> _What is expected_
Exclude the pictures and transcribe the rest of the data below exactly.

Data extracted from a collection:
/---
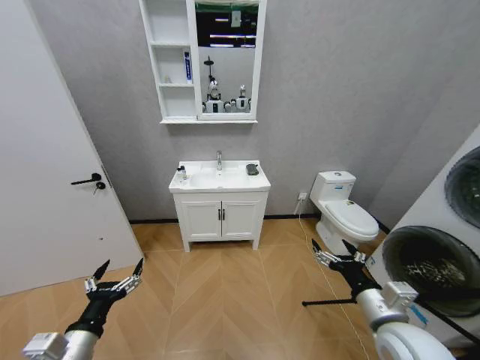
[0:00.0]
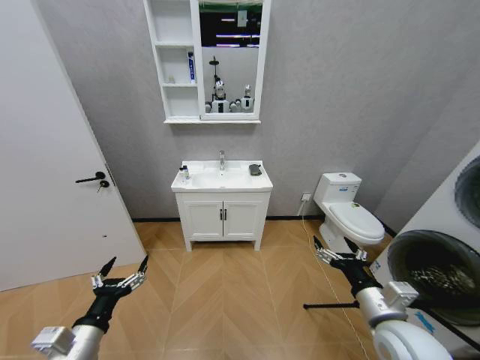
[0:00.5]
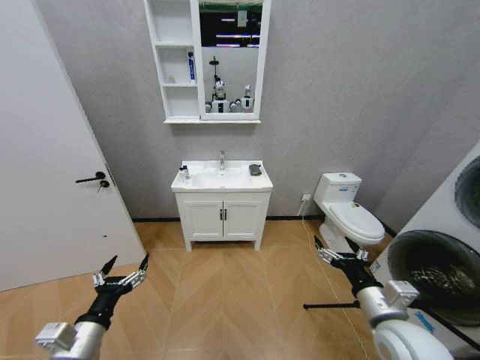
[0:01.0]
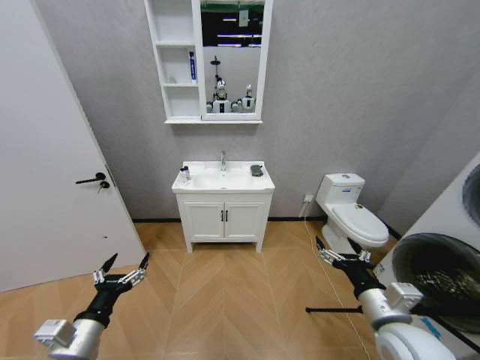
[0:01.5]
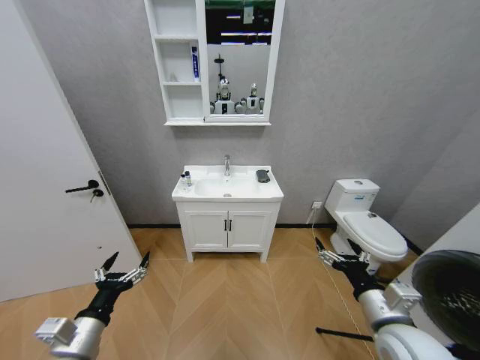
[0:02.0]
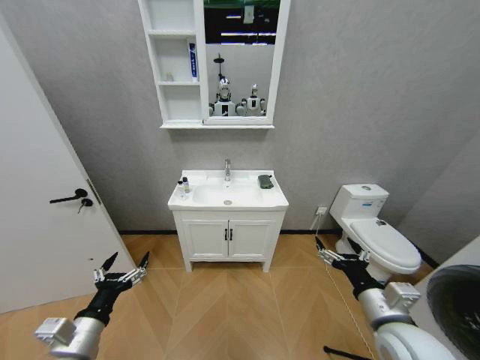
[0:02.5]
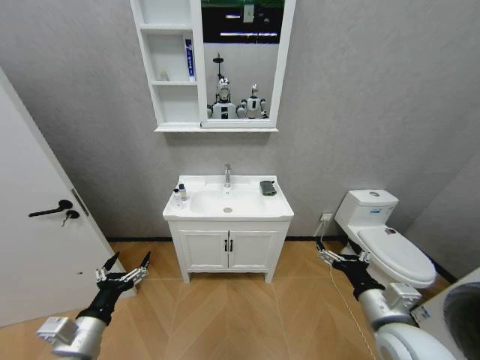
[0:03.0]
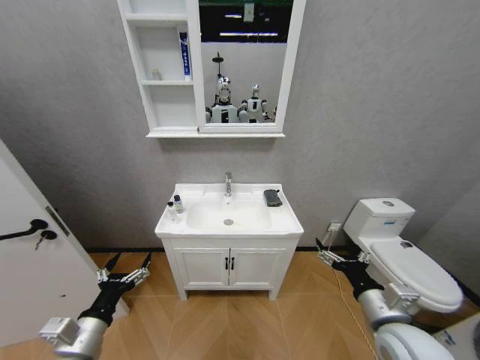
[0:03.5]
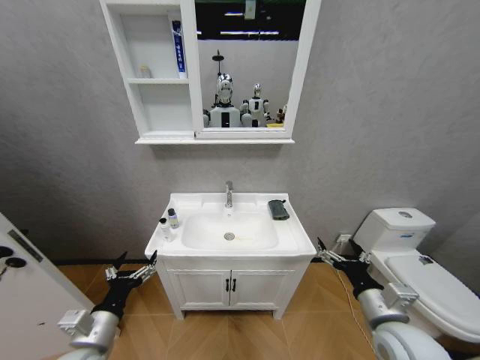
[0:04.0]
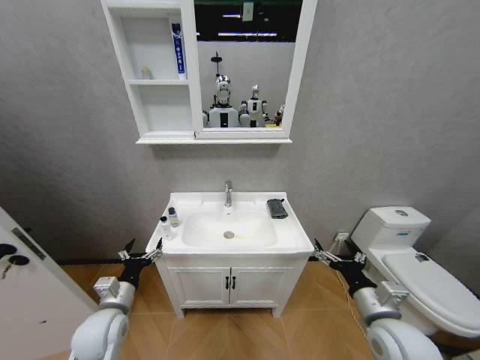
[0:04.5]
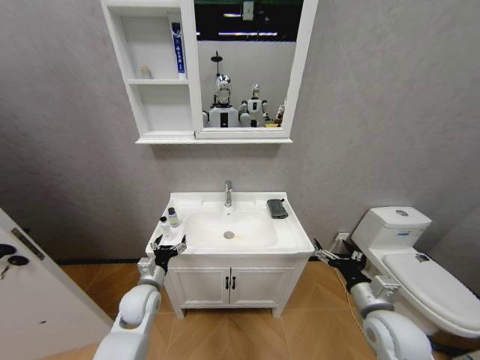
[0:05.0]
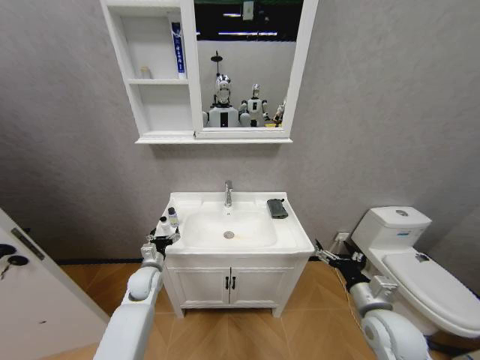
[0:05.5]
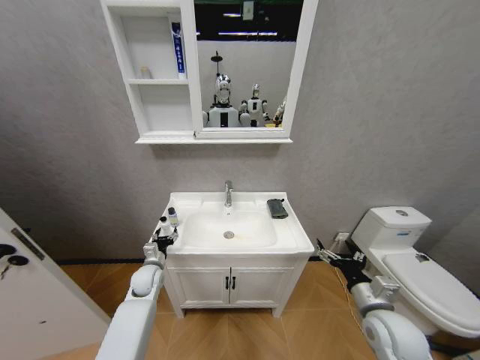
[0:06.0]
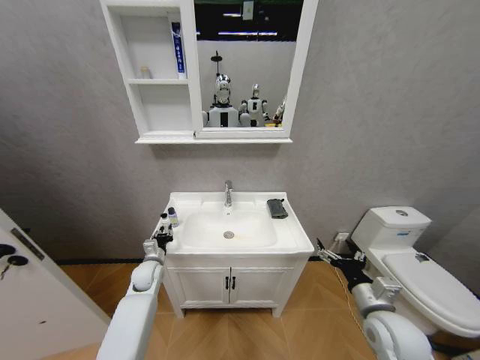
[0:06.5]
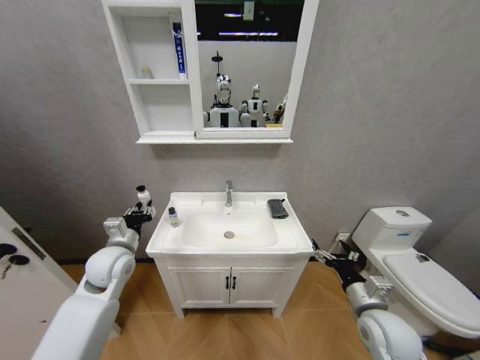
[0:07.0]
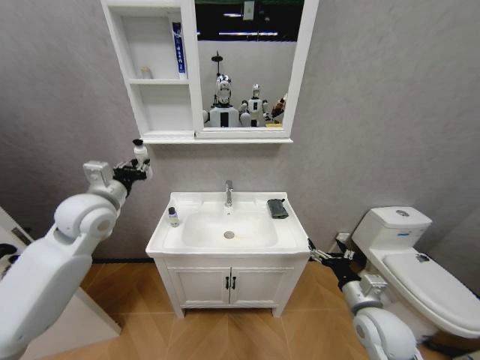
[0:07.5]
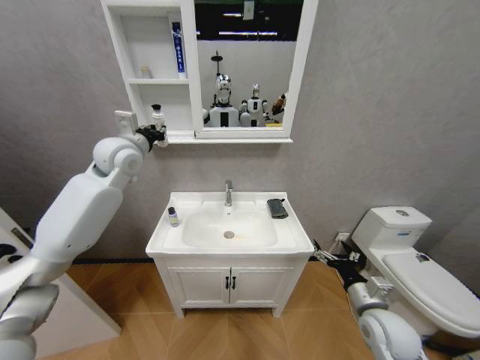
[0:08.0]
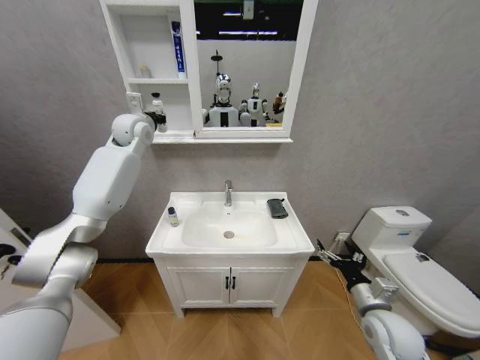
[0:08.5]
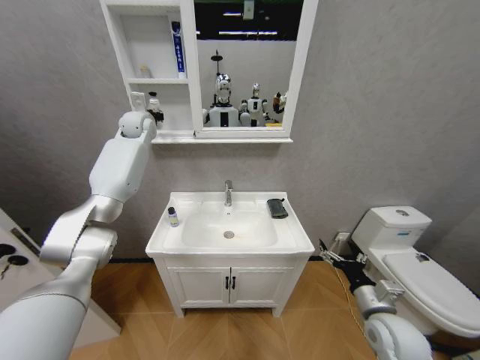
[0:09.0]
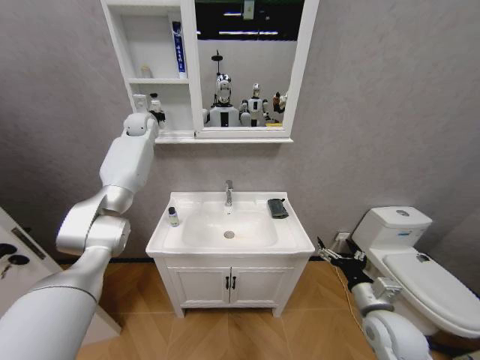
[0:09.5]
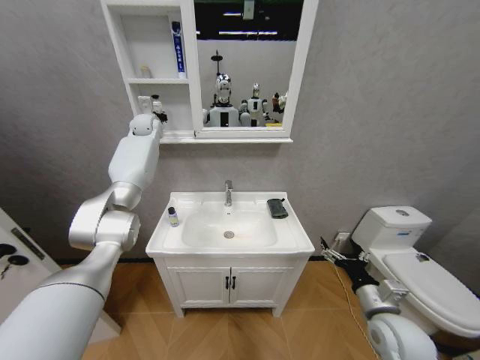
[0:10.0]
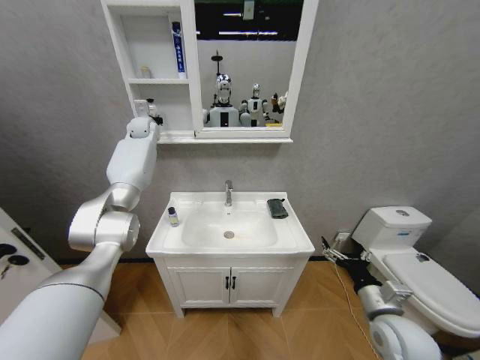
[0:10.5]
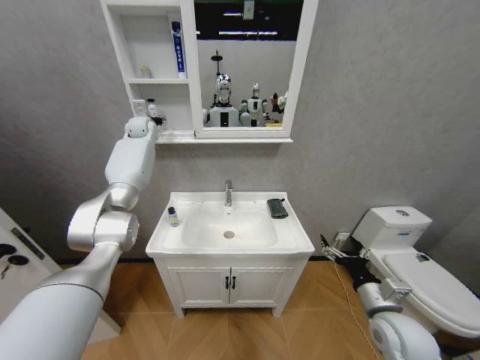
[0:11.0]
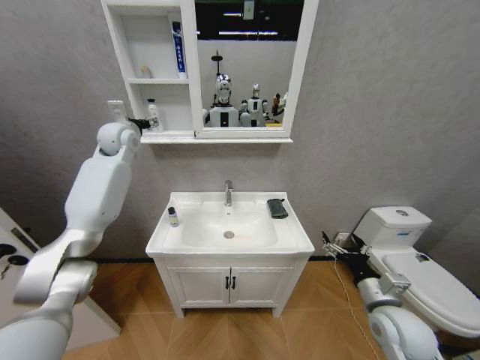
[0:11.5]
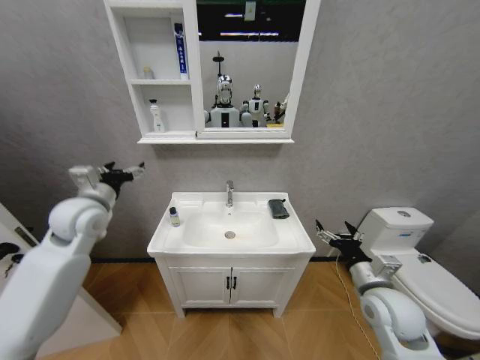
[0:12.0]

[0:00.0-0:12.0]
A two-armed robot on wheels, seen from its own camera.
Task of the whole recording: Move facial cleanser and shampoo from washbasin to cabinet, then wipe washbasin with towel.
0:04.0 to 0:06.0: The right gripper moves some 5 cm; the left gripper is displaced forward and downward by some 25 cm, and closes its fingers.
0:06.0 to 0:08.0: The left gripper heads upward, covering some 40 cm, and closes.
0:08.0 to 0:10.0: The left gripper heads forward, covering roughly 20 cm.
0:10.0 to 0:12.0: The right gripper ends up roughly 5 cm from where it was. Meanwhile the left gripper heads backward, covering about 30 cm, and opens its fingers.
\---
> _Response area_
[0:00.0]
[0:00.5]
[0:01.0]
[0:01.5]
[0:02.0]
[0:02.5]
[0:03.0]
[0:03.5]
[0:04.0]
[0:04.5]
[0:05.0]
[0:05.5]
[0:06.0]
[0:06.5]
[0:07.0]
[0:07.5]
[0:08.0]
[0:08.5]
[0:09.0]
[0:09.5]
[0:10.0]
[0:10.5]
[0:11.0]
[0:11.5]
[0:12.0]

[0:00.0-0:12.0]
A two-armed robot on wheels, seen from its own camera.
Task of the whole recording: Move facial cleanser and shampoo from washbasin to cabinet, then wipe washbasin with towel.
0:04.0 to 0:06.0: The right gripper moves some 5 cm; the left gripper is displaced forward and downward by some 25 cm, and closes its fingers.
0:06.0 to 0:08.0: The left gripper heads upward, covering some 40 cm, and closes.
0:08.0 to 0:10.0: The left gripper heads forward, covering roughly 20 cm.
0:10.0 to 0:12.0: The right gripper ends up roughly 5 cm from where it was. Meanwhile the left gripper heads backward, covering about 30 cm, and opens its fingers.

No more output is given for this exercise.